4. Age & Performance

>* Students are between 13 to 15 years old, with most being 14 years old (median age).


# Add total and average Columns

In [None]:
df['total']=df["Science"]+df['English']+df['History']+df["Maths"]
df['average']=df['total']/4
df.head()

# Data Analysis

In [None]:
df.columns

## Top Student Overall (Highest Total Marks)

In [None]:
top_student = df.loc[df['total'].idxmax()]
top_student

> **Dunn (ID 11, Section C)** achieved the highest total marks (361) with an impressive average of 90.25%. He scored a perfect 100 in Science and also performed well in English (93) and History (87).

## Top Scorer in Each Section

In [None]:
top_per_section = df.loc[df.groupby("Section")["total"].idxmax()]
top_per_section

### Insights:

>* **Dunn (Section C)** is the overall top scorer with 361 marks (90.25%).
>* **Patrizia (Section A)** is the best in Section A with 356 marks (89.00%).
>* **Ruddie (Section B)** leads Section B with 333 marks (83.25%).

## The Best Performer in Each Subject

In [None]:
# Best in science
best_science = df.loc[df['Science'].idxmax(), ['Name', 'Science','Section']]
best_science

> **Dunn**(section C) is best in science 100 out of 100

In [None]:
# best in english
best_english = df.loc[df['English'].idxmax(), ['Name', 'English','Section']]
best_english

> **Brandise**(Section A) is best in english with full score

In [None]:
# best in History
best_History = df.loc[df['History'].idxmax(), ['Name', 'History','Section']]
best_History

> **Drusi**(Section C) is best in History with full marks

In [None]:
# best in maths
best_maths = df.loc[df['Maths'].idxmax(), ['Name', 'Maths','Section']]
best_maths

> **David**(Section B) is best in maths with full marks

## Visualization of Average score

In [None]:
plt.figure(figsize=(8, 5))
sns.histplot(df['average'], bins=10, kde=True, color="skyblue")

# Customize the chart
plt.title("Distribution of Student Average Scores", fontsize=14)
plt.xlabel("Average Score", fontsize=12)
plt.ylabel("Number of Students", fontsize=12)
plt.grid(axis='y', linestyle="--", alpha=0.7)
plt.show()

plt.savefig('Distribution_of_student_average_scores.png')

 > normal distribution where most students have scores around 50-60, with fewer students at the extremes.

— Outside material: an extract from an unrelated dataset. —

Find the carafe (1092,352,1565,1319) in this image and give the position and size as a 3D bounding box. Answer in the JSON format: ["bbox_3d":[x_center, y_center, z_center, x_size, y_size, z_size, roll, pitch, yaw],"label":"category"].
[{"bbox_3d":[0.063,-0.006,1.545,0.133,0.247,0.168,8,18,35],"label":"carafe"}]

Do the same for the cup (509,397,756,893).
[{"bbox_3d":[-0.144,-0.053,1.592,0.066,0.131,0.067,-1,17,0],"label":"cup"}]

 # Conclusion for Student Marks Analysis

## Overall Top Scorer

The highest-scoring student is **Dunn (Section C)** with a total score of 361 and an average of 90.25%. Dunn performed exceptionally well across all subjects.

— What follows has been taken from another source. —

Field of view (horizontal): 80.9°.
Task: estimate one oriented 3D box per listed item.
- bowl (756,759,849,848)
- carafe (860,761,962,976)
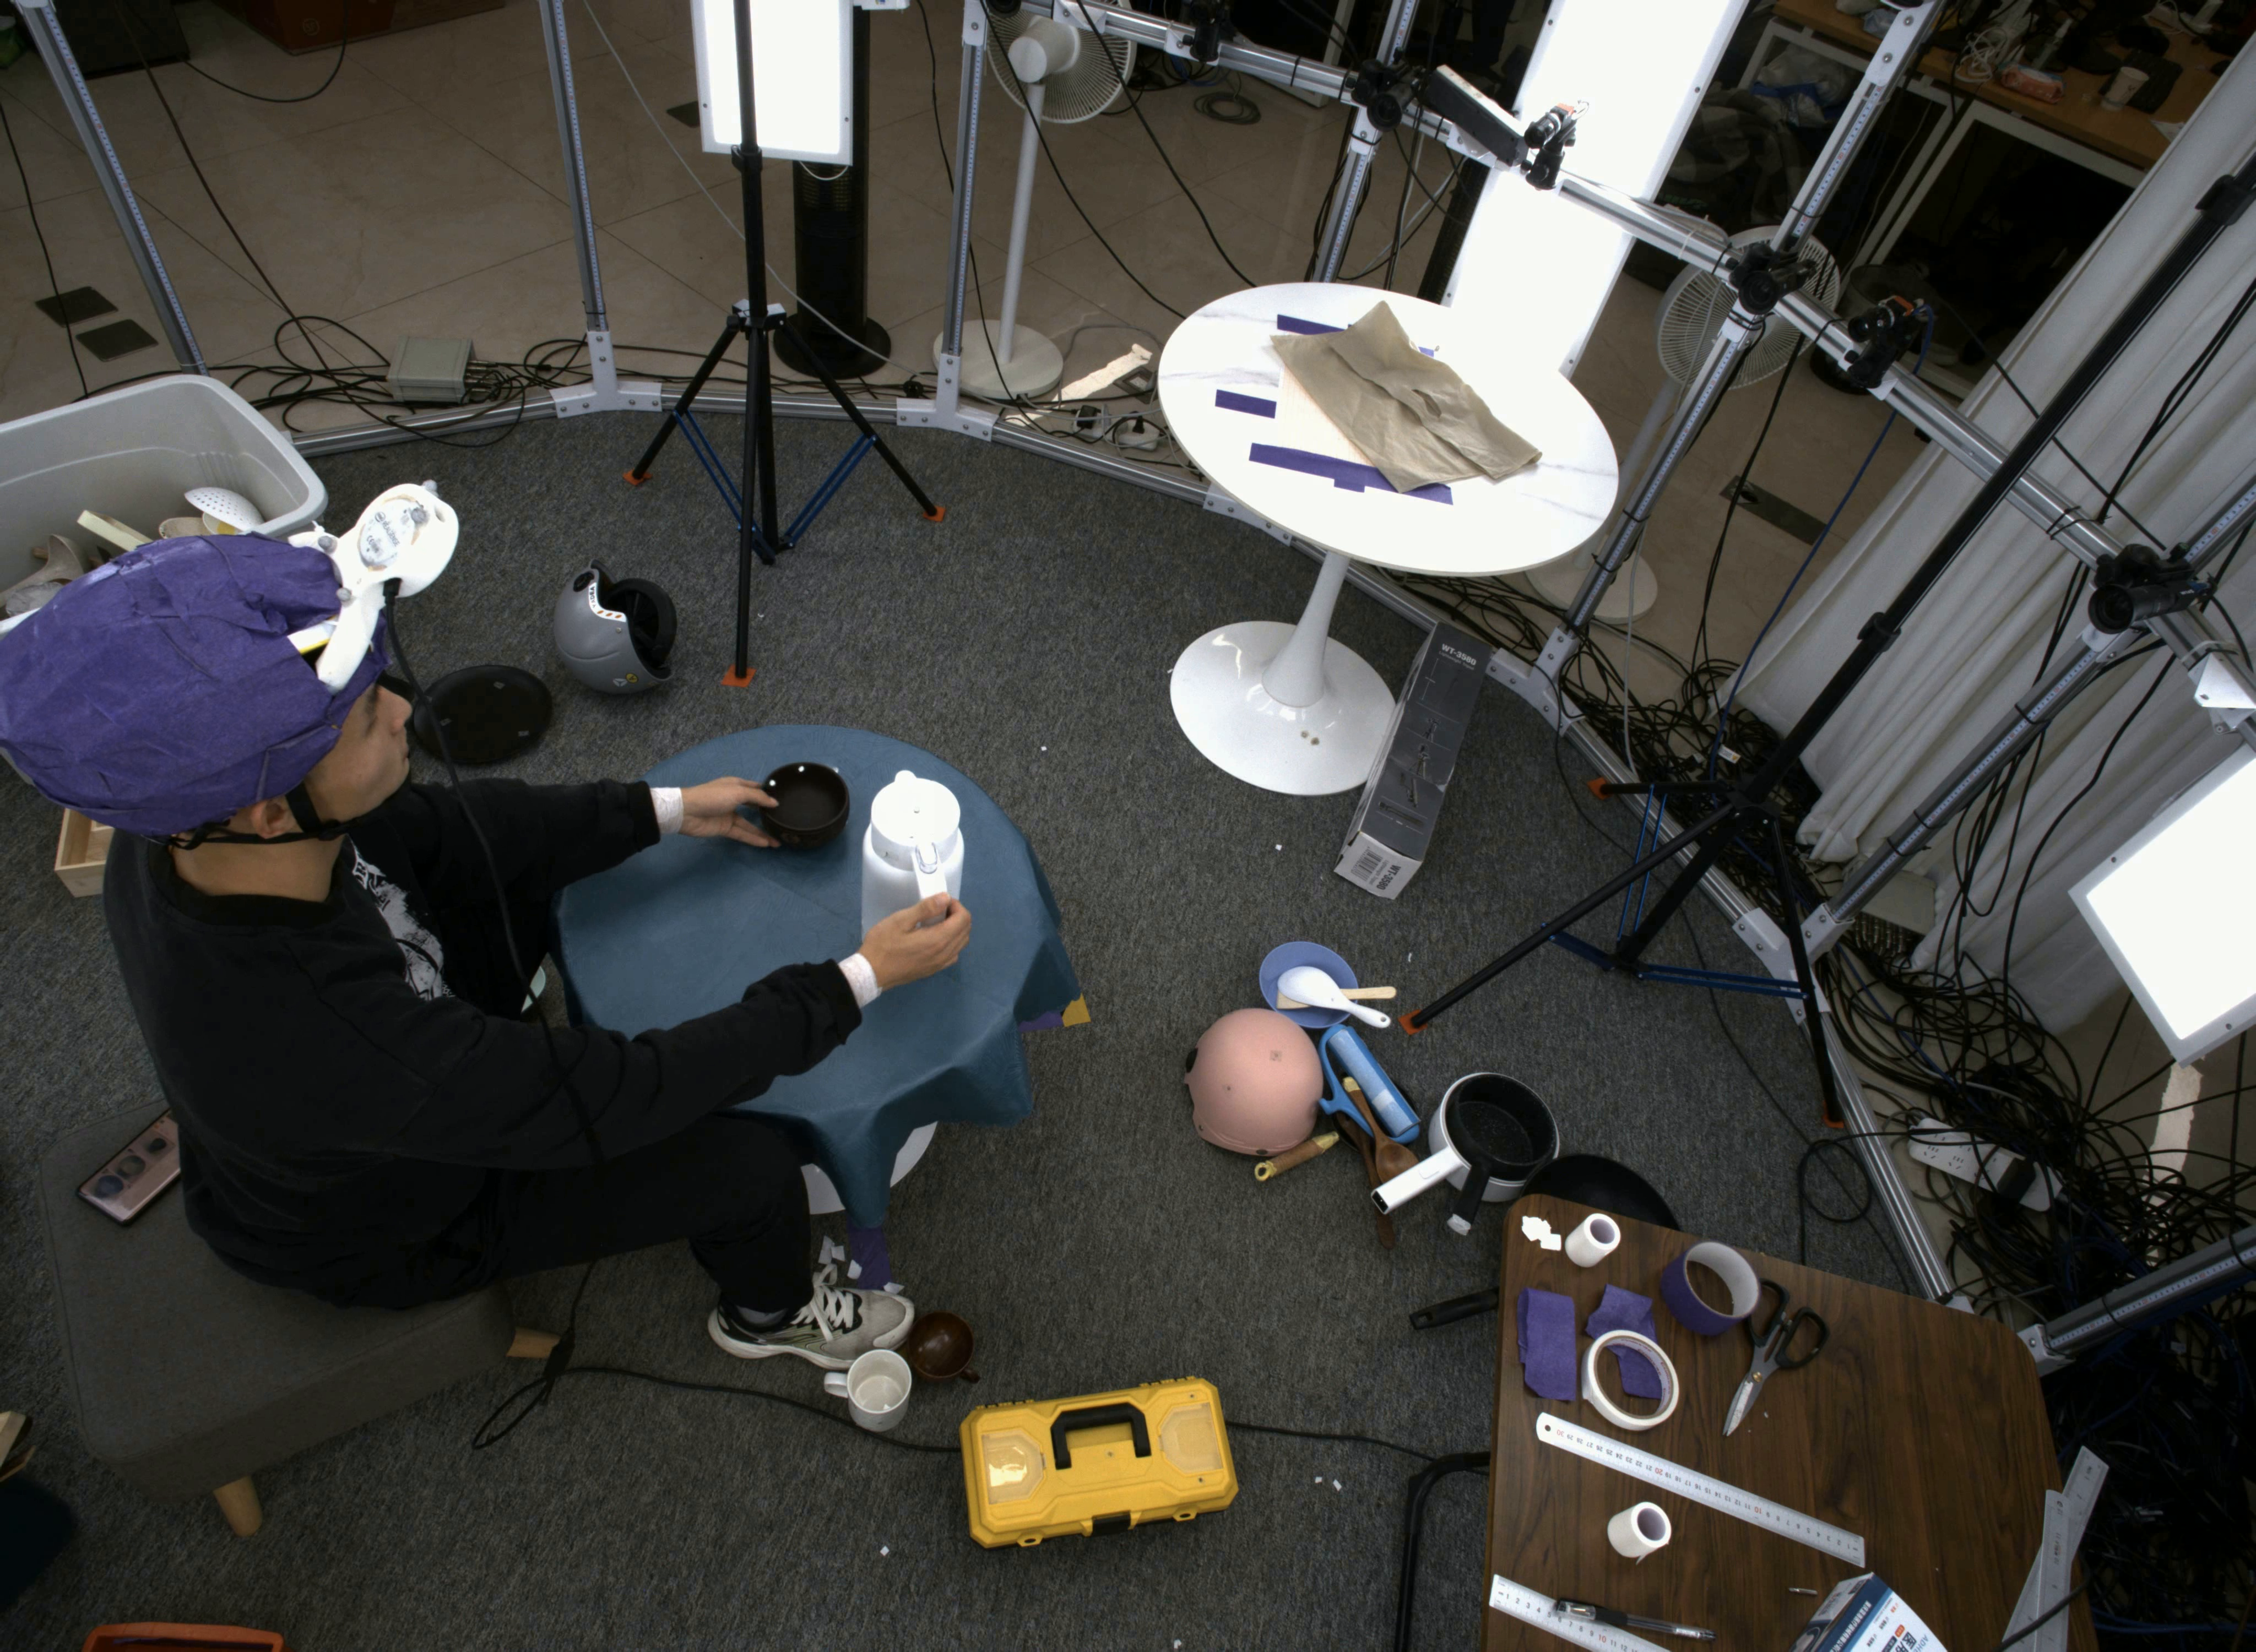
[{"bbox_3d":[-0.424,-0.022,1.690,0.118,0.071,0.116,7,53,-8],"label":"bowl"},{"bbox_3d":[-0.252,0.072,1.539,0.124,0.274,0.168,-9,55,-21],"label":"carafe"}]

## Top Student in Each Section

* **Dunn (Section C)** – 361 marks (90.25%) → Overall Top Scorer  
* **Patrizia (Section A)** – 356 marks (89.00%) → Top in Section A  
* **Ruddie (Section B)** – 333 marks (83.25%) → Top in Section B  

## Top Scorer in Each Subject

**Subject**	- **Top Scorer** - **Section** - **Score**   

Science - **Dunn**	   - C - 100/100   
English - **Brandise** - A - 100/100   
History - **Drusi**	   - C - 100/100  
Maths	- **David**    - B - 100/100  

# Key Takeaways

* Dunn (Section C) is the overall top performer, leading in Science.
* Each section has strong students, with Section A and C showing competitive scores.
* Four students achieved full marks in their respective subjects, proving excellence in Science, English, History, and Maths.